Top of Available records
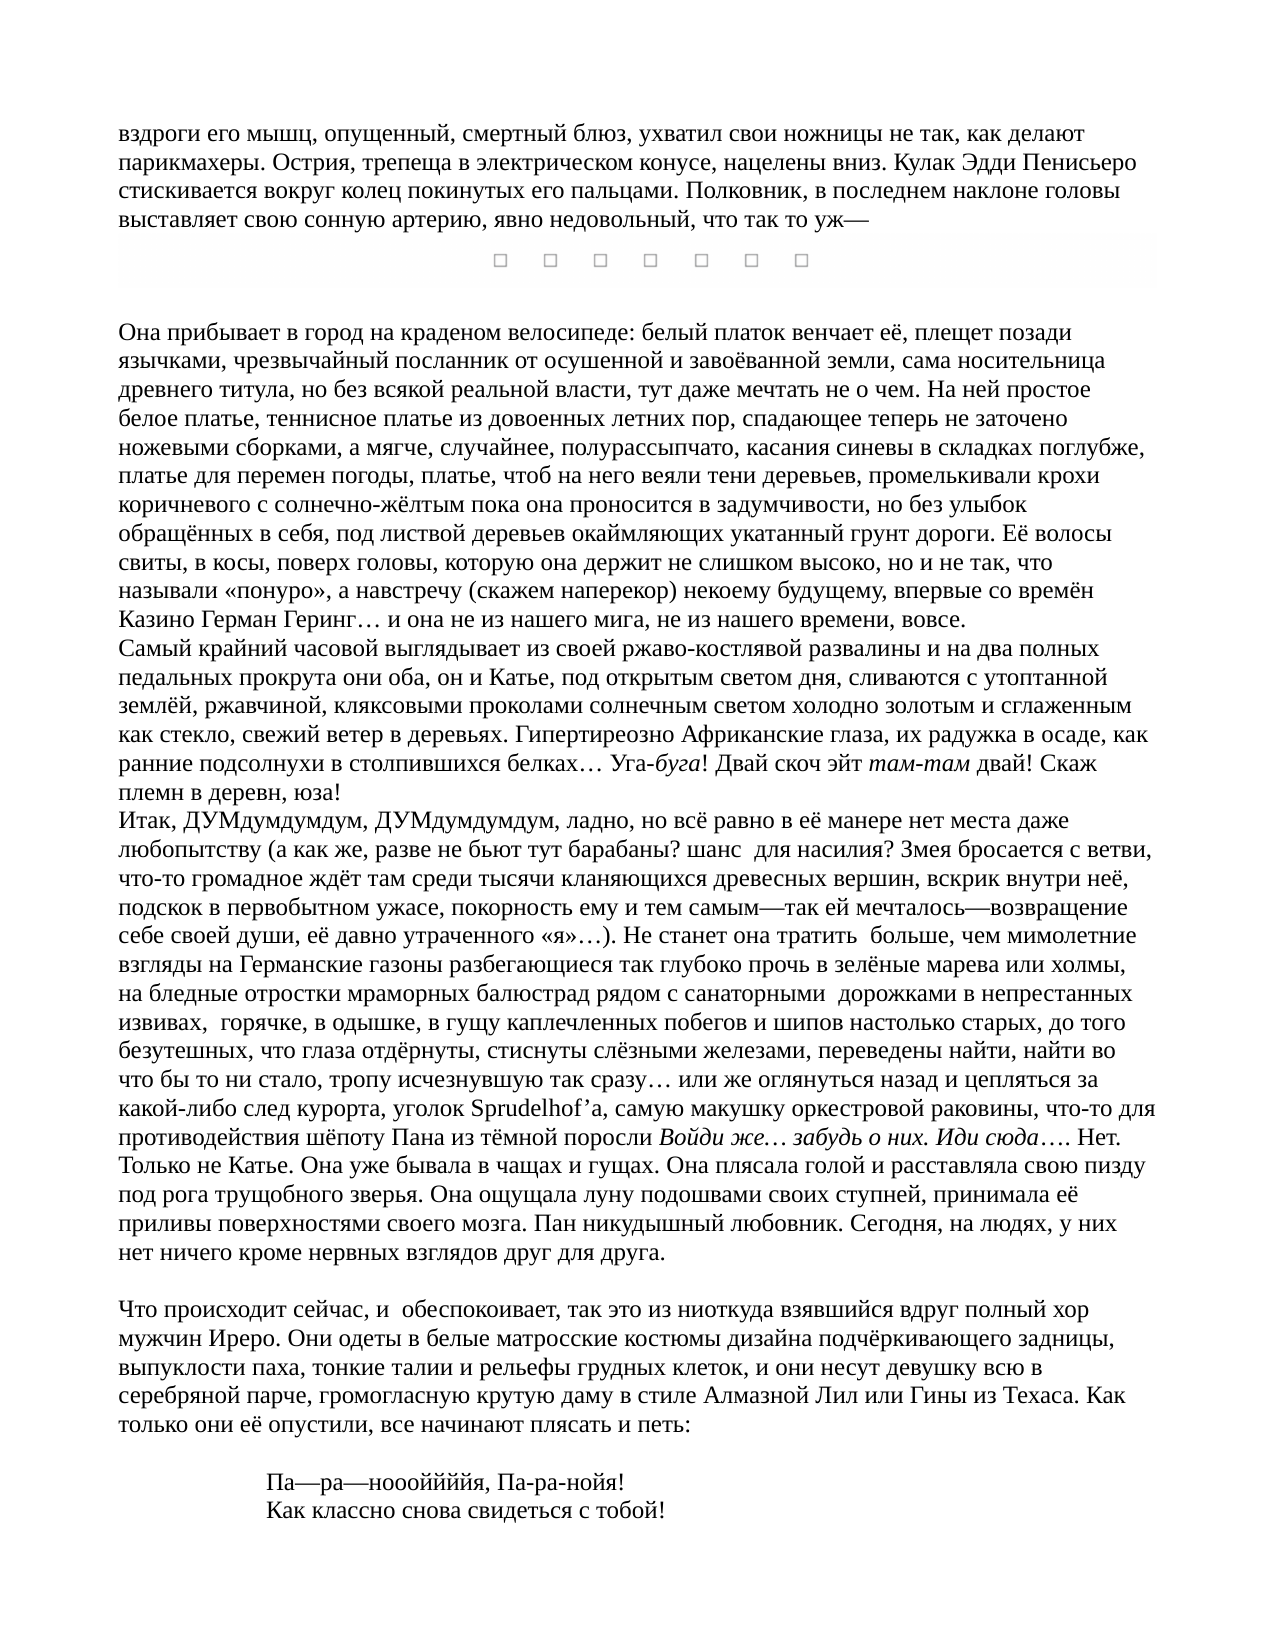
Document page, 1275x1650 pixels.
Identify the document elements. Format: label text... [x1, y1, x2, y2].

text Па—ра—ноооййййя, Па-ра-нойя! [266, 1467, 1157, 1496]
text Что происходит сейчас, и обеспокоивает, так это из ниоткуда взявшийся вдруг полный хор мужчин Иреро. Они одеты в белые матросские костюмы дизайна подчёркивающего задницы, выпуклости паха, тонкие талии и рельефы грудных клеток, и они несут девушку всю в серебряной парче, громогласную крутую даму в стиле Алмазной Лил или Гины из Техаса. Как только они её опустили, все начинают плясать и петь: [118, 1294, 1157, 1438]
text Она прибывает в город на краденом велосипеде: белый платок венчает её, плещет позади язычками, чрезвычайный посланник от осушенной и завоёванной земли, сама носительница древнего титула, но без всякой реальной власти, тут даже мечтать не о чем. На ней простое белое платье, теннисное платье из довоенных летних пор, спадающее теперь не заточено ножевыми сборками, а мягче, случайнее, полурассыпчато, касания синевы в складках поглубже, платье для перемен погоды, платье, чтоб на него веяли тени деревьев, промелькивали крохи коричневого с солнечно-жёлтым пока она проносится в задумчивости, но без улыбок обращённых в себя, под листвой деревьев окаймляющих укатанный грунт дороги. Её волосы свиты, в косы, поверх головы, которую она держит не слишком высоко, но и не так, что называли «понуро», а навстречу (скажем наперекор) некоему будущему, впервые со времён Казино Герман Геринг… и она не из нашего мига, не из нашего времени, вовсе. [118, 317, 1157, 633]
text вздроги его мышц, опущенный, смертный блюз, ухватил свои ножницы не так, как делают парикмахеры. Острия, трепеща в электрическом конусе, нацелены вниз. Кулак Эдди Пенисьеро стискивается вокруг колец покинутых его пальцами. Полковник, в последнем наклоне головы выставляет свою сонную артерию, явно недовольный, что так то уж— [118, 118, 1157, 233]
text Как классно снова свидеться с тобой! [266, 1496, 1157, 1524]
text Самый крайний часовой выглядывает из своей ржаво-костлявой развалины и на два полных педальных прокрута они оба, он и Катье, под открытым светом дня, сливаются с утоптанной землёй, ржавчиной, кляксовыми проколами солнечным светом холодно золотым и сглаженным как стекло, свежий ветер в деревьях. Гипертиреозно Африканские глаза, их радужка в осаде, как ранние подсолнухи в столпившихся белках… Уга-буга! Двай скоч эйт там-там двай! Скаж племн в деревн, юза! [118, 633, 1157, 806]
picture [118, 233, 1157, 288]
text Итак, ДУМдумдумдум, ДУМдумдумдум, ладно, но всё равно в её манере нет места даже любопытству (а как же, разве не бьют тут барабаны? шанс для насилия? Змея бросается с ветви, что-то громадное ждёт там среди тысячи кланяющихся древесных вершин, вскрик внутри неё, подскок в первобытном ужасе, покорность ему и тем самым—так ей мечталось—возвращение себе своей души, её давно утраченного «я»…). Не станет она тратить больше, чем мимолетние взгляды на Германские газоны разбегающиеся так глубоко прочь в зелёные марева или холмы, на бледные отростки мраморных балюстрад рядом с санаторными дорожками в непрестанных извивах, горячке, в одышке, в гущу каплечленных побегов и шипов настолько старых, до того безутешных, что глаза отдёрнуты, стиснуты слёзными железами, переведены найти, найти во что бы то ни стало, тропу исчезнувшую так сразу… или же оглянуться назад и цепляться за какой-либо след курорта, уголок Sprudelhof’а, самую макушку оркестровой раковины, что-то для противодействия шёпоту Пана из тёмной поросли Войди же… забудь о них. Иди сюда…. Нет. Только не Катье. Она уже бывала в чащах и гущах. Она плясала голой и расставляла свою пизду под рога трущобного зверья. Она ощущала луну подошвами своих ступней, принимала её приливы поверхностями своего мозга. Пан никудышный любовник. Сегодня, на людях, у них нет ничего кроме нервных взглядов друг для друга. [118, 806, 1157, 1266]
Bottom of Available records
● **Task requirements**:
In the entries above, find the line with "text Как классно" and the line with "picture [118, 233, 1157, 288]", then set down exactly those two and every line between them, nothing else.

● **Your solution**:
text Как классно снова свидеться с тобой! [266, 1496, 1157, 1524]
text Самый крайний часовой выглядывает из своей ржаво-костлявой развалины и на два полных педальных прокрута они оба, он и Катье, под открытым светом дня, сливаются с утоптанной землёй, ржавчиной, кляксовыми проколами солнечным светом холодно золотым и сглаженным как стекло, свежий ветер в деревьях. Гипертиреозно Африканские глаза, их радужка в осаде, как ранние подсолнухи в столпившихся белках… Уга-буга! Двай скоч эйт там-там двай! Скаж племн в деревн, юза! [118, 633, 1157, 806]
picture [118, 233, 1157, 288]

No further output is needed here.